Bugnon André · Nationalrat · 2006-09-20
Bugnon André · Nationalrat · Waadt · Fraktion der Schweizerischen Volkspartei · 2006-09-20
Wortprotokoll
A l'article 65 alinéa 2, nous retrouvons une proposition de même type que nous avons déjà analysée hier, à savoir une disposition transitoire qui permettrait à la Confédération d'accorder encore plus de subsides que prévu par la RPT pendant une durée de trois ans. C'est de nouveau une de ces propositions d'adaptation glissante, on peut dire, de la mise en oeuvre de la RPT. Et comme cela a déjà été évoqué, il n'y a pas de raison de procéder de cette manière. D'ailleurs, les cantons et la Confédération sont parvenus à un accord global sur toutes les propositions et les cantons sont prêts à appliquer la RPT quand elle entrera en vigueur.
La majorité de la commission vous recommande donc de ne pas suivre la minorité.
A l'article 66 alinéa 2, nous avons trois propositions. La version du Conseil fédéral, retenue par le Conseil des Etats et soutenue par la minorité II (Huber), correspond sur le plan financier au même montant que celle de la majorité, mais donne des indications beaucoup plus précises: c'est le quart des coûts bruts de l'assurance obligatoire, soit le 25 pour cent, réparti sur 30 pour cent de la population. Concernant les 30 pour cent de la population, on peut se poser la question - d'ailleurs, Monsieur Parmelin l'a évoqué: est-ce impératif? est-ce à négocier? On sait qu'actuellement, certains cantons dépassent ce 30 pour cent; la moyenne suisse, d'ailleurs, est de 31,7 pour cent. Les taux varient, par exemple, de 23 pour cent dans le canton de Soleure à 55,6 pour cent dans le canton d'Obwald. Donc, inévitablement, en fixant la limite à 30 pour cent de la population, on risque d'avoir des problèmes juridiques, parce que certains cantons ne pourront pas s'y tenir exactement et auront tendance à appliquer leur règle habituelle, c'est-à-dire aller jusqu'à 35, 40 ou 45 pour cent de leur population. Et si d'aventure quelqu'un présentait un recours contre cet état de fait, cela engendrerait toute une problématique juridique.

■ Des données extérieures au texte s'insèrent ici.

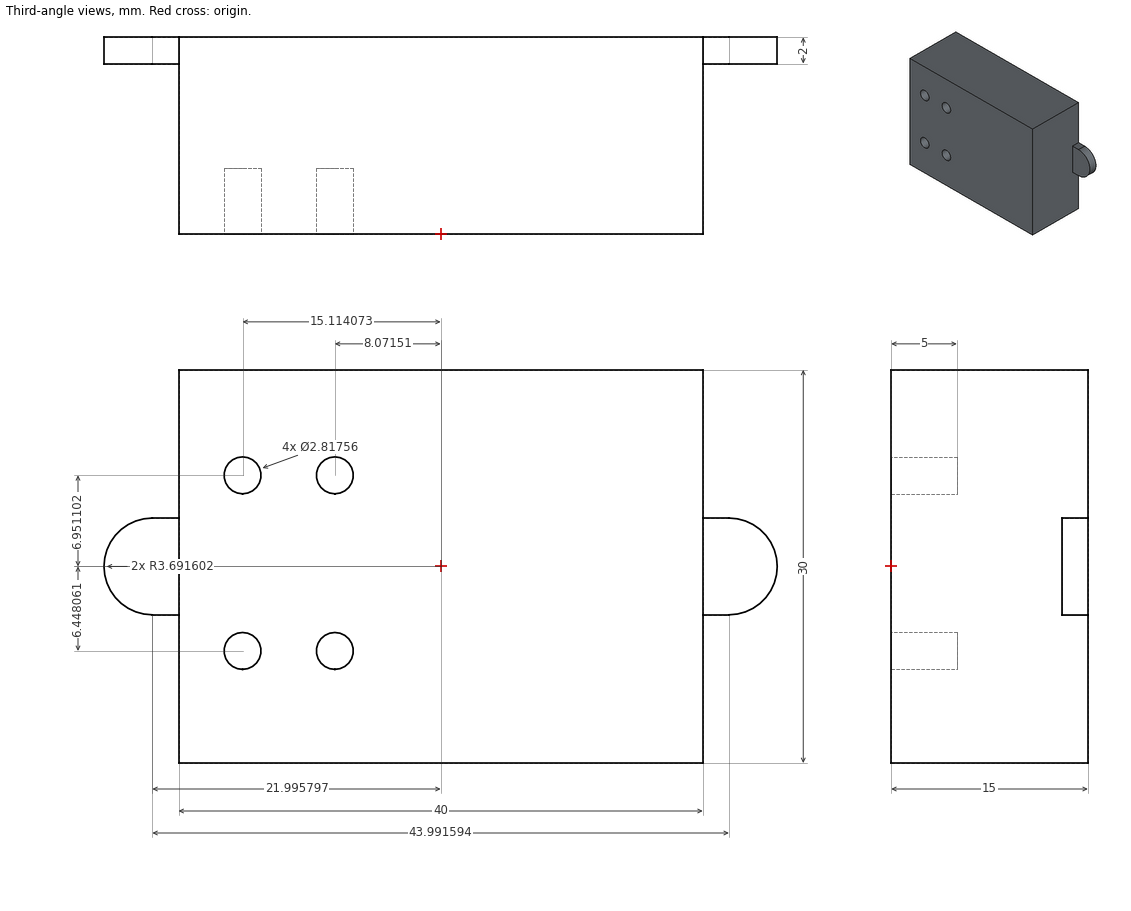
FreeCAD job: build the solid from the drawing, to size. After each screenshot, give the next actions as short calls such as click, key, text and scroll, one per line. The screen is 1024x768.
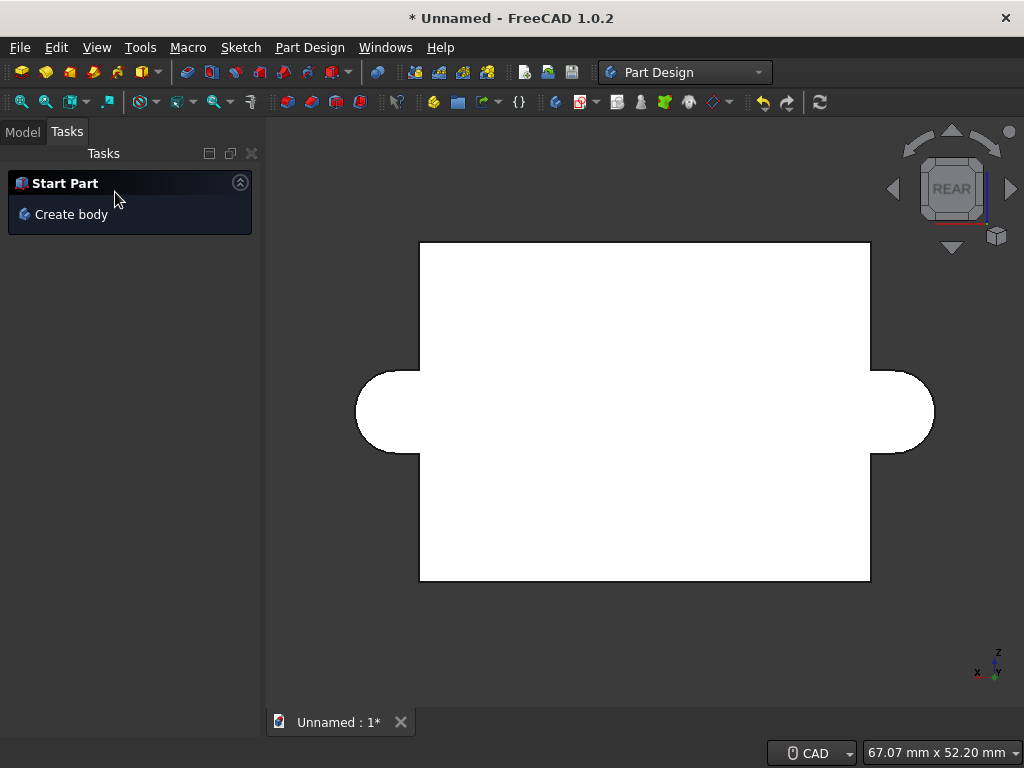
key(0)

Il semble quand même que la volonté du Conseil fédéral et du Conseil des Etats - ce n'est pas par hasard que ce chiffre de 30 pour cent est prévu ici - est plutôt d'avoir une limite contraignante. Avec sa proposition et pour la même enveloppe financière, la majorité de la commission, avec 7,5 pour cent des coûts, ne dépense pas un franc de plus pour ces soutiens à l'assurance-maladie, mais laisse la liberté aux cantons d'appliquer la règle qu'ils avaient jusqu'à maintenant, en fonction des moyens financiers qui leur seront octroyés. C'est donc une souplesse supplémentaire pour les cantons, puisque la limite de pourcentage de la population concernée est abandonnée, qui tient compte de la situation actuelle et qui évite toute problématique d'ordre juridique. C'est pour cela que la majorité de la commission vous recommande d'adopter ce chiffre de 7,5 pour cent.
La minorité I (Rossini) demande, quant à elle, l'augmentation du montant de l'enveloppe, ce qui ne correspond pas au principe de la RPT, puisqu'il y a une opération globale financière qui a été faite dans l'ensemble du processus; et augmenter l'enveloppe, c'est augmenter les charges de la Confédération au-delà de ce qui est utilisé aujourd'hui, puisque la moyenne cantonale est actuellement de 31,7 pour cent. En passant à 35 pour cent, cela fait 3,3 pour cent d'augmentation de l'enveloppe, ce qui ne va pas dans le sens recherché par la RPT.
Donc, au nom de la majorité de la commission, je vous recommande d'adopter sa proposition et de rejeter les propositions des minorités I (Rossini) et II (Huber).